### What to produce
Looking at the entries, say how many lines contain the string "section". Offer nothing besides the number.

- - - - - - -

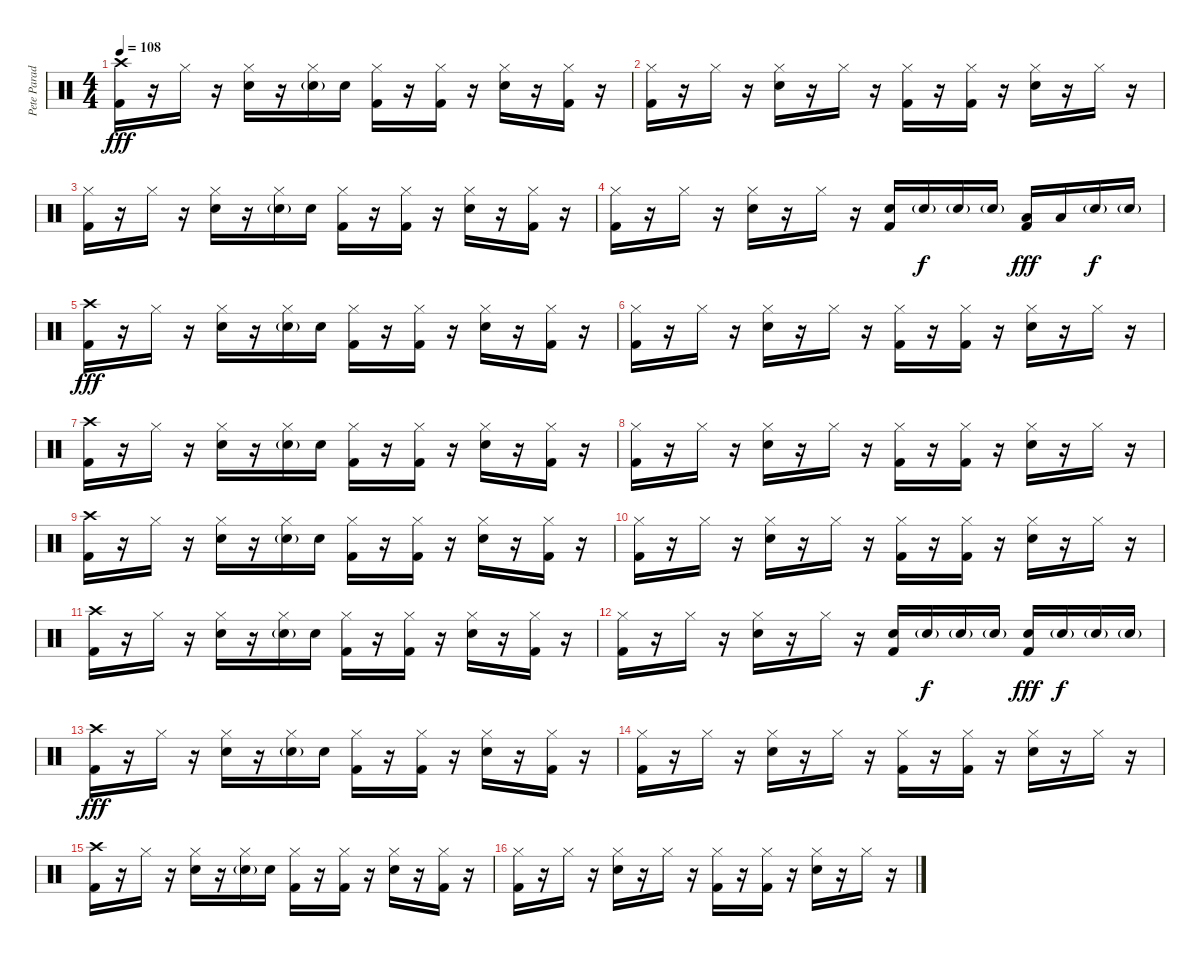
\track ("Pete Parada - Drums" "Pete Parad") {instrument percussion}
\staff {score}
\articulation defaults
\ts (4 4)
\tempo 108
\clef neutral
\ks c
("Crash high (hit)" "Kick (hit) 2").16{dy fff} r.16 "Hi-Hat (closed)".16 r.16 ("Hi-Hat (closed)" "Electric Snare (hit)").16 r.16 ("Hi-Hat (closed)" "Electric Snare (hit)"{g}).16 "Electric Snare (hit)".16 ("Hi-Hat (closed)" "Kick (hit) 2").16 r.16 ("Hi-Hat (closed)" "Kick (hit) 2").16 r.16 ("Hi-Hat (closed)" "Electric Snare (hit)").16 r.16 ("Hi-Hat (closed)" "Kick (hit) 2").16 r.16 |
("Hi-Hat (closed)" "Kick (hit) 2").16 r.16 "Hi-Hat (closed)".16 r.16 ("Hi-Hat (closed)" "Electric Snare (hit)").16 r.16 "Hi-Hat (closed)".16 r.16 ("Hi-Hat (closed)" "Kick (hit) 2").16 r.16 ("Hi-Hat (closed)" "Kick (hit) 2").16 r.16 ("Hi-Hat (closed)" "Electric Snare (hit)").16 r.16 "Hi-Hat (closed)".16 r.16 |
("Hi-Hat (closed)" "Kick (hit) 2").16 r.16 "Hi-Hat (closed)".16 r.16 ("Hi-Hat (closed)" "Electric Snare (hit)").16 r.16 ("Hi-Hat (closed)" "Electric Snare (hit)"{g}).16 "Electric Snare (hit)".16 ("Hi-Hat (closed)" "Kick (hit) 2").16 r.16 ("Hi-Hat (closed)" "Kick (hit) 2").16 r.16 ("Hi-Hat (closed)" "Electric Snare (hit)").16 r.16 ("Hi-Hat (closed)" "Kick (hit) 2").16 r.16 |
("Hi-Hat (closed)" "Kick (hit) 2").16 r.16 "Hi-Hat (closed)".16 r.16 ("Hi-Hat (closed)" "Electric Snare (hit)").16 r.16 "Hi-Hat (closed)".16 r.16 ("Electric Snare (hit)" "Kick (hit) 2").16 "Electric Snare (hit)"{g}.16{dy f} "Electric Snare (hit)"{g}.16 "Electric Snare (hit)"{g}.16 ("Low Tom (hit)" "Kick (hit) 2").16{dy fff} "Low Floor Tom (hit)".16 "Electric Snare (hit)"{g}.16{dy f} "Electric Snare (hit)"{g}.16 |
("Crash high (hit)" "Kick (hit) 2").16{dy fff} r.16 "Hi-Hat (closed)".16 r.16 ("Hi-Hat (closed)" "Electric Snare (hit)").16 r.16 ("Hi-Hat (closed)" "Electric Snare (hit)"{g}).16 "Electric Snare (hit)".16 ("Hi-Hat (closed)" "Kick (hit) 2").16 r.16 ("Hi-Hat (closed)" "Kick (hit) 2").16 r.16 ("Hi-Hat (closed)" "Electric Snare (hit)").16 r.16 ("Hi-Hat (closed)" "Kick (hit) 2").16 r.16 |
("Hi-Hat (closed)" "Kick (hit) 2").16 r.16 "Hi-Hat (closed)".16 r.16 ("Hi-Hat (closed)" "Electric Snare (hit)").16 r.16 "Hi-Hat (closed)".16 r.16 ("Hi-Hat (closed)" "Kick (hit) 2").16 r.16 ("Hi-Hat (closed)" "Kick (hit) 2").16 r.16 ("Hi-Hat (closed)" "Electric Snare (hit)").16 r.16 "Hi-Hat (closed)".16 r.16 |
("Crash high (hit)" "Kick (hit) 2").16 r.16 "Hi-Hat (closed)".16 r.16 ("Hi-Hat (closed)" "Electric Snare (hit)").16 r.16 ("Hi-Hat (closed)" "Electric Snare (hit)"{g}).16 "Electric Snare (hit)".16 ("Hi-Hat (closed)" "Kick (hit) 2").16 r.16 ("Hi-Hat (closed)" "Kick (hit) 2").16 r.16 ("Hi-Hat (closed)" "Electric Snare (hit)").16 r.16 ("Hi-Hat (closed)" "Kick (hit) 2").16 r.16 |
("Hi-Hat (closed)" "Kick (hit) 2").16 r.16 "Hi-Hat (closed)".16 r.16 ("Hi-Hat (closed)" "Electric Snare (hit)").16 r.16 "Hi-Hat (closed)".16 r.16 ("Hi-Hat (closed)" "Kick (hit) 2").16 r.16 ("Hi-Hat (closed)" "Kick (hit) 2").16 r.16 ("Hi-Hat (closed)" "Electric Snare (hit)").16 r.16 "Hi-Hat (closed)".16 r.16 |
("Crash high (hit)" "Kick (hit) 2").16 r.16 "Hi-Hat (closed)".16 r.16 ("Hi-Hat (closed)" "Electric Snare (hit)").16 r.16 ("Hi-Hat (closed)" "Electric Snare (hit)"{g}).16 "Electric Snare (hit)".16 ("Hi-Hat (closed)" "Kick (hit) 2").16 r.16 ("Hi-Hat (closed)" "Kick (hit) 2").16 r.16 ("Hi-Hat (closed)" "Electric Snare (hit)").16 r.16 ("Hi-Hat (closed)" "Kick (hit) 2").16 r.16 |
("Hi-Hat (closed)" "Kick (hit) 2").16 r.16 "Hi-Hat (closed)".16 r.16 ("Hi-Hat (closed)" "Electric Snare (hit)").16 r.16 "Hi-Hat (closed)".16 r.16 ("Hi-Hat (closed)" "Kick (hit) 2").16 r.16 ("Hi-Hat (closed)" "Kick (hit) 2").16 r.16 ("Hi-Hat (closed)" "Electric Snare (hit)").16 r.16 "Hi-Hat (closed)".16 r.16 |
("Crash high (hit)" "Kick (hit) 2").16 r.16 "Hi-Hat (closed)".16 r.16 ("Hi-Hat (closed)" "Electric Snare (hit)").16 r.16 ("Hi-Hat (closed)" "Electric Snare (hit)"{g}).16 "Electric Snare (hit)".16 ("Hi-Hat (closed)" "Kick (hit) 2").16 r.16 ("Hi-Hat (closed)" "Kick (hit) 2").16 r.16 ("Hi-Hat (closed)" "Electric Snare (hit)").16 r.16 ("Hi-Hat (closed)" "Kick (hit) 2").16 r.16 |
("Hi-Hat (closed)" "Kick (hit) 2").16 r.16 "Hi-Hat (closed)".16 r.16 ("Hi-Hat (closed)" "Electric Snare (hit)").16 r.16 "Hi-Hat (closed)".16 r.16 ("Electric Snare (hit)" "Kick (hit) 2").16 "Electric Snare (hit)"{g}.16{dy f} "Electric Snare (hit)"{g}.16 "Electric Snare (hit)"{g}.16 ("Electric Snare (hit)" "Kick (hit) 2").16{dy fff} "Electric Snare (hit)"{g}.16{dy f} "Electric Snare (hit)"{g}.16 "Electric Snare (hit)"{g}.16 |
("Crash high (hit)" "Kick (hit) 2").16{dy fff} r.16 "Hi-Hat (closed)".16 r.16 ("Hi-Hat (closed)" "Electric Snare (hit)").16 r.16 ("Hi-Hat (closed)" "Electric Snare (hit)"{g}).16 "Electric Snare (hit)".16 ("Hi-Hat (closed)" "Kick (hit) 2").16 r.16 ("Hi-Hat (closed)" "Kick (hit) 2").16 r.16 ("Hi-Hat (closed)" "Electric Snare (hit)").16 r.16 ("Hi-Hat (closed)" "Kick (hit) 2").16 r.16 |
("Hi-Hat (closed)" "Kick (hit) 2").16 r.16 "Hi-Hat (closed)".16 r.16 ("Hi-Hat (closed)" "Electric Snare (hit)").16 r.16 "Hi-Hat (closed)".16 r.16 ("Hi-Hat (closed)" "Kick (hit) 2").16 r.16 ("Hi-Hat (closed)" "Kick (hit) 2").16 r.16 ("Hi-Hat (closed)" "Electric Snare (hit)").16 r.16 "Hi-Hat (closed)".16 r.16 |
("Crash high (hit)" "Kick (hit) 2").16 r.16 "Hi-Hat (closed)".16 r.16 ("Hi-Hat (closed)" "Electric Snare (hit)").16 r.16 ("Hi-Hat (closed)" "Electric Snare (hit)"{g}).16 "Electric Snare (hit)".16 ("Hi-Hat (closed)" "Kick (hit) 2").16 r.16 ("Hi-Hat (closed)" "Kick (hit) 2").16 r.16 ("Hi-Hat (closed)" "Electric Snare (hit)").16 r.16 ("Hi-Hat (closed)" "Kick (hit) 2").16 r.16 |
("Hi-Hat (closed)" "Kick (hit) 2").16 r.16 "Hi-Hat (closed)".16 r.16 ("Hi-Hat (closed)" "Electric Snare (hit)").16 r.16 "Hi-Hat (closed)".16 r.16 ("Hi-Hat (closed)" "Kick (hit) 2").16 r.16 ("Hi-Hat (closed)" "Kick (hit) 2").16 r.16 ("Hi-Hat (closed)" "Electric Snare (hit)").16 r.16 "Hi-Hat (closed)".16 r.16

- - - - - - -

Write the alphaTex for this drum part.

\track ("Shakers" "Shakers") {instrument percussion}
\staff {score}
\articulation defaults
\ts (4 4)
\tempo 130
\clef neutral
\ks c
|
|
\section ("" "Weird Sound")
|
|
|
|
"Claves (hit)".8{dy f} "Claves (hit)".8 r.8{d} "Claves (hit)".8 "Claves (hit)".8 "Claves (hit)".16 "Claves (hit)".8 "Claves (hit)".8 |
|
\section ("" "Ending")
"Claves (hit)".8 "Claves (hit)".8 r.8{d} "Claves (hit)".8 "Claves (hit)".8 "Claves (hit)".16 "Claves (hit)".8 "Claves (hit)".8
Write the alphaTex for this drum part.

- - - - - - -

### Task answer
2